Sola en su triste soledad. Solamente la acompañaba un
recuerdo frío. Bajó las manos, abrió sus ojos y de pronto se sintió desdichada. Estaba
sola. Su apuesto bailarín no estaba, no había melodías de piano, ni madera oscura y
brillante. No se respiraba más que la humedad y la vejez del final de los días. Solo
está ella, con la lluvia y la claridad de una luna amenazante que se cierne sobre su débil
cuerpo viejo, agarrotado.
Se
acercó a un espejo y comprobó que las arrugas habían regresado a su anciano
rostro. Y con ellas, el pesar de las lágrimas de
desgarrado dolor. Se acarició las mejillas,
deteniéndose en las arrugas más profundas y
descendiendo, alcanzó sus rugosos labios
antaño suaves y delicados. Besándose la yema de
los dedos, dejó caer los brazos a
ambos lados de su cuerpo.
Entrecortada
se tornó su respiración, frías como el acero se volvieron sus lágrimas. Su mano derecha acudió a reconfortar su corazón
cansado. El momento llega, lo sabe. Se deja caer de rodillas. Su último pensamiento será
para ella, su pequeña… Pero todavía no, debe resistir el tiempo suficiente. Debe
hacerlo, debe lograrlo.
A
tientas logra levantarse. La lluvia golpea con más fuerza la ventana. La luna
se alza ya en lo alto, imponiéndose sobre las negras
nubes de tormenta. Los ojos se le nublan, sus claros ojos azules se tornan vidriosos.
“Dios
mío, apiádate de mi alma… Toda mi vida he seguido tu senda… permíteme cumplir mi voluntad una última vez… no me
arrastres todavía a tu lado… todavía no…”
Sentada
ante un escritorio de fornida madera de roble, garabatea aprisa en un papel en blanco.
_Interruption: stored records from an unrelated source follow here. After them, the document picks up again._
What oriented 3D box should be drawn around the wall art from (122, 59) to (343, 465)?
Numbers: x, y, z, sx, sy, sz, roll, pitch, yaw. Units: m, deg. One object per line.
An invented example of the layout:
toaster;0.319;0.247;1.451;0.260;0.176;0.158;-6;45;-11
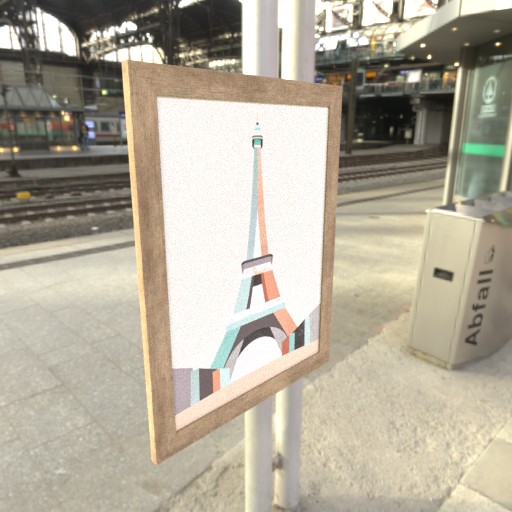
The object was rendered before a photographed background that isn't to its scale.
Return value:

Debe terminar esa carta que había dejado
a medias. Solo una vela ilumina sus palabras. Se detiene, pues el pulso le falla,
apenas puede sujetar el bolígrafo. Se va, lo presiente. No sabe bien cómo, escribe el último
de sus deseos. Su firma se rompe cuando su rostro golpea la madera, cayendo sobre
el papel. Los vidriosos ojos bien abiertos. Sin miedo ni dolor. Solo una enorme
satisfacción se adivina en su rostro.
Ahora
puede volar libre. Se ha cumplido el destino. Todo ha terminado, ya no hay dolor ni miedo. Clemence Warren ha muerto con una
sonrisa en los labios, pues ha cumplido su cometido, al fin sus errores podrán
ser enmendados.
En la
calle, ha dejado de llover.
Nota sobre el Texto: "El Secreto de los Warren" es por el momento la novela más larga que he escrito. Casi 500 folios que narran la densa historia de una familia y un secreto que llega a la siguiente generación a modo de carta. Escrita entre los 14 y los 16 años, solo existe una copia -en papel- que contiene diversos errores tanto de estructura y redacción como de argumento. Comparto el prólog (y solo el prólogo) porque la novela y la historia me enamoraron en su momento y es una asignatura pendiente para mí el reescribir y corregir esta novela para hacerla digna. Espero que os guste... tomando en consideración que ese texto lleva intacto y sin correcciones desde hace más de diez años.